Top of ENTRIES SUPPLIED

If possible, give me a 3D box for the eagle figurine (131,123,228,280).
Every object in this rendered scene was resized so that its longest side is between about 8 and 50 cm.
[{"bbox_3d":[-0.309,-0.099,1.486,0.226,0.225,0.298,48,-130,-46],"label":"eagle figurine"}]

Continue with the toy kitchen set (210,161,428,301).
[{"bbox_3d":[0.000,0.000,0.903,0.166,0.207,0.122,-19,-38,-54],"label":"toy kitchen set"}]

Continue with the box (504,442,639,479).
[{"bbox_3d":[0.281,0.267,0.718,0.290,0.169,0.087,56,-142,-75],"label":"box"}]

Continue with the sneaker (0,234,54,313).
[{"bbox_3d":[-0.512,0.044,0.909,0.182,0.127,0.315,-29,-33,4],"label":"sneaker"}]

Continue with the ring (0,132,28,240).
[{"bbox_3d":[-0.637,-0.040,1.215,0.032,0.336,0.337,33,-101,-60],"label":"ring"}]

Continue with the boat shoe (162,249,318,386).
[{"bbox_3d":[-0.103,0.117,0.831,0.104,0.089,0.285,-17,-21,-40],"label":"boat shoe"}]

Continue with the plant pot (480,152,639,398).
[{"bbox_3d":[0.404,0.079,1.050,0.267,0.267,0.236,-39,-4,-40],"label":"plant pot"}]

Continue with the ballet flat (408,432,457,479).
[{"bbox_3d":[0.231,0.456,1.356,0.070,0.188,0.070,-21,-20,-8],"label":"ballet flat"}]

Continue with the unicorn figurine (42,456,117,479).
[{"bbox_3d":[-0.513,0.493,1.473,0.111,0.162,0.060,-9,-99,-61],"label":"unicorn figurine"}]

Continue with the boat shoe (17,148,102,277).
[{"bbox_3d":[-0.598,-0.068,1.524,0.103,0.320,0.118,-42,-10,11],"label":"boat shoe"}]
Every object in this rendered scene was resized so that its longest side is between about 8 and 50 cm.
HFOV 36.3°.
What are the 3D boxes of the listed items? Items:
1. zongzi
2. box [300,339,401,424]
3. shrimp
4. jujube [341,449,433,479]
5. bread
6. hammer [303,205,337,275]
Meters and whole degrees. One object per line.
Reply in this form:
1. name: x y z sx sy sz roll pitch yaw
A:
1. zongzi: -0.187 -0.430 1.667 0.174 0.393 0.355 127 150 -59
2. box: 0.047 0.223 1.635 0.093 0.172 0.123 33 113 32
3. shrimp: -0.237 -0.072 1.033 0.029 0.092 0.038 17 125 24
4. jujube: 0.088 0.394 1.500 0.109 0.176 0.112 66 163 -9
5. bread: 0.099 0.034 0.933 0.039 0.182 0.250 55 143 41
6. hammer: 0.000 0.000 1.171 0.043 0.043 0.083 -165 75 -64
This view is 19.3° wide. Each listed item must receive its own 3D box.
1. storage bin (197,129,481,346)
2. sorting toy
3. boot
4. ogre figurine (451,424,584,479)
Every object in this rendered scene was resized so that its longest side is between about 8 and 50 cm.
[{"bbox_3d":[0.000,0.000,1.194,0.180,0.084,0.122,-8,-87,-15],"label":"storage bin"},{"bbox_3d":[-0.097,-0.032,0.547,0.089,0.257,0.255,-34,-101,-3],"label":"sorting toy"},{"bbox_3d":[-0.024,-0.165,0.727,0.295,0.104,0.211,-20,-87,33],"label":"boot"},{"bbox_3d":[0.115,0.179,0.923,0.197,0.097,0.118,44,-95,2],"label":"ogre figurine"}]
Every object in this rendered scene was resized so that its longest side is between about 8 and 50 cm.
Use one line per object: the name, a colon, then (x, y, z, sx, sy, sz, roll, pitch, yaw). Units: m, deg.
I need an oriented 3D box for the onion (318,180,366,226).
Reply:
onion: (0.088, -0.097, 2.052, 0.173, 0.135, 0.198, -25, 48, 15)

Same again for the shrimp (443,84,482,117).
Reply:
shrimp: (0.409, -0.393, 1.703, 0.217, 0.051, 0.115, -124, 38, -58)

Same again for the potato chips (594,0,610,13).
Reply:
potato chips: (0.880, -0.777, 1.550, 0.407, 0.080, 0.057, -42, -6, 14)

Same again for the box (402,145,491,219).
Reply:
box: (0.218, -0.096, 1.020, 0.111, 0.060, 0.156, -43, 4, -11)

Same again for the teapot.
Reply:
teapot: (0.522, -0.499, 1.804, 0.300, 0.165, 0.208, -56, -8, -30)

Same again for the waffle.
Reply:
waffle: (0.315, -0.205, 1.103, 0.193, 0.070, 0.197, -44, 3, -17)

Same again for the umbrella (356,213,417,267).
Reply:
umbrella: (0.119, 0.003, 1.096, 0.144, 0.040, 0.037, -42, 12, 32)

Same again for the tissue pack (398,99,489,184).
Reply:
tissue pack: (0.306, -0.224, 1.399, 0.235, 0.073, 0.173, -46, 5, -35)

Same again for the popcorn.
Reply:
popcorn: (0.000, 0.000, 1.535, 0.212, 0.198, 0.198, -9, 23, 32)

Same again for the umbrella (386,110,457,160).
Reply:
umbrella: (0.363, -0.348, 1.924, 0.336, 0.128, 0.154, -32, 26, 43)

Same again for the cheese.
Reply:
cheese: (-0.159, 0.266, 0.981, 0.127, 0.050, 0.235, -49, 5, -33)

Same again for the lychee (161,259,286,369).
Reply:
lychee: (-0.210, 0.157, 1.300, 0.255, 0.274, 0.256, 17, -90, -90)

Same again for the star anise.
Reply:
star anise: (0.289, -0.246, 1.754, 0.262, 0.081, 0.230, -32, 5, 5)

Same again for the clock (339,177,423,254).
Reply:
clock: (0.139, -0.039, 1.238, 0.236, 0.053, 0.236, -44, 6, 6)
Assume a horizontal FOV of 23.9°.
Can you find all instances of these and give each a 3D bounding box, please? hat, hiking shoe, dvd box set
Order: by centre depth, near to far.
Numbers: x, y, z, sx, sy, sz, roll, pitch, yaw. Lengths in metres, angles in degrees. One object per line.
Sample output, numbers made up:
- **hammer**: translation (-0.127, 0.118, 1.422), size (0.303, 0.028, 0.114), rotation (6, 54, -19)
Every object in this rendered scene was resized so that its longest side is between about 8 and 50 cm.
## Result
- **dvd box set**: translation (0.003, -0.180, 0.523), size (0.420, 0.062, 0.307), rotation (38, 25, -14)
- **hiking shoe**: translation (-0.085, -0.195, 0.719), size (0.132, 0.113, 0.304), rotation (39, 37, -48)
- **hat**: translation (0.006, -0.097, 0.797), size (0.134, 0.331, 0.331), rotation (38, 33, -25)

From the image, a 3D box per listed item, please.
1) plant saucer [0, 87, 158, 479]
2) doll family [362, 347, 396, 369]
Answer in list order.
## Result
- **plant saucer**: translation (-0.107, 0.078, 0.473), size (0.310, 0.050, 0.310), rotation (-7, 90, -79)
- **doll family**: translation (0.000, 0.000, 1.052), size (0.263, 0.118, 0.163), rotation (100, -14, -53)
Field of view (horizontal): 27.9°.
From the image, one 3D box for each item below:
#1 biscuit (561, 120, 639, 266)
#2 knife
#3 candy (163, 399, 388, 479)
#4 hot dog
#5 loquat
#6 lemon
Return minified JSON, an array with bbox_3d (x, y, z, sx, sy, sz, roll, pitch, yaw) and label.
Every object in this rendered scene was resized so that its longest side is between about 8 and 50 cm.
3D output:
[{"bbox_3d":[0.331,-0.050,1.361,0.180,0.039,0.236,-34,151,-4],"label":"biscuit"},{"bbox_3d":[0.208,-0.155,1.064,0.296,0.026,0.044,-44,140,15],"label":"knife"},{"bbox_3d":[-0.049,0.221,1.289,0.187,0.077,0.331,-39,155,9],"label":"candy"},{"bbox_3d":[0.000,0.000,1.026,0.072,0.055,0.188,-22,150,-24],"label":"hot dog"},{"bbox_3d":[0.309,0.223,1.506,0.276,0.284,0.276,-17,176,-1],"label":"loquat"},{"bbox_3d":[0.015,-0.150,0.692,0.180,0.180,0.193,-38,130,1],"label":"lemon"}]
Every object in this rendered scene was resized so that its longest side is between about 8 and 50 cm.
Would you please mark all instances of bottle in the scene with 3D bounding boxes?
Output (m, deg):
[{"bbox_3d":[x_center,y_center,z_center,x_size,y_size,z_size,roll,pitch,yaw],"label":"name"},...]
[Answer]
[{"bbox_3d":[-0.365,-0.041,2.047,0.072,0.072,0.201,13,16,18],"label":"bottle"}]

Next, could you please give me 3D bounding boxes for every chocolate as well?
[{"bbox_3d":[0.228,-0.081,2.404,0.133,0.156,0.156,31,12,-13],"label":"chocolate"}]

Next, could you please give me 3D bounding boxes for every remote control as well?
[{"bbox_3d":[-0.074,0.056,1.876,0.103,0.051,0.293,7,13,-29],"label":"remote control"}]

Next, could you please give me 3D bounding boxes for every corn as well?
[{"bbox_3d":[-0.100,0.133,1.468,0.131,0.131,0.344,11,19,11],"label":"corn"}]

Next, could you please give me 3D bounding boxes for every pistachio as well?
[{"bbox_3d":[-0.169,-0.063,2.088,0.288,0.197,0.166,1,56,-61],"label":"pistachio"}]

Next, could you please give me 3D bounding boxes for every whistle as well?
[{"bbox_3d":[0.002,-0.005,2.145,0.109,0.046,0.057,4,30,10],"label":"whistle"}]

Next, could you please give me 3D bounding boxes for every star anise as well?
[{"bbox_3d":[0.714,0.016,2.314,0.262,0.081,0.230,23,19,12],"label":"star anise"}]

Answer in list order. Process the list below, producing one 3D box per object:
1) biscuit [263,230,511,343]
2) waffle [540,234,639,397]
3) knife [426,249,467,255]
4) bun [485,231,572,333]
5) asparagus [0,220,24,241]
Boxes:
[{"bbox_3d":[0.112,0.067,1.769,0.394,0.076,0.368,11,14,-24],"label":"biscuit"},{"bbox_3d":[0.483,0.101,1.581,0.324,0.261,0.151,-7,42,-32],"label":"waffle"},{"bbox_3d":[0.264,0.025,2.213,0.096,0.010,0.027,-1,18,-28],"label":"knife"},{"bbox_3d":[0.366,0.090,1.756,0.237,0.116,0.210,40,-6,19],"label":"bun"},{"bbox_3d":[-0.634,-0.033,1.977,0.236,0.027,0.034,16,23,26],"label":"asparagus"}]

Bottom of ENTRIES SUPPLIED

__EXERCISE DETAILS__
What lines in the entries contain "name"? Report each one by copying it.

__SOLUTION BELOW__
1. name: x y z sx sy sz roll pitch yaw
Use one line per object: the name, a colon, then (x, y, z, sx, sy, sz, roll, pitch, yaw). Units: m, deg.
[{"bbox_3d":[x_center,y_center,z_center,x_size,y_size,z_size,roll,pitch,yaw],"label":"name"},...]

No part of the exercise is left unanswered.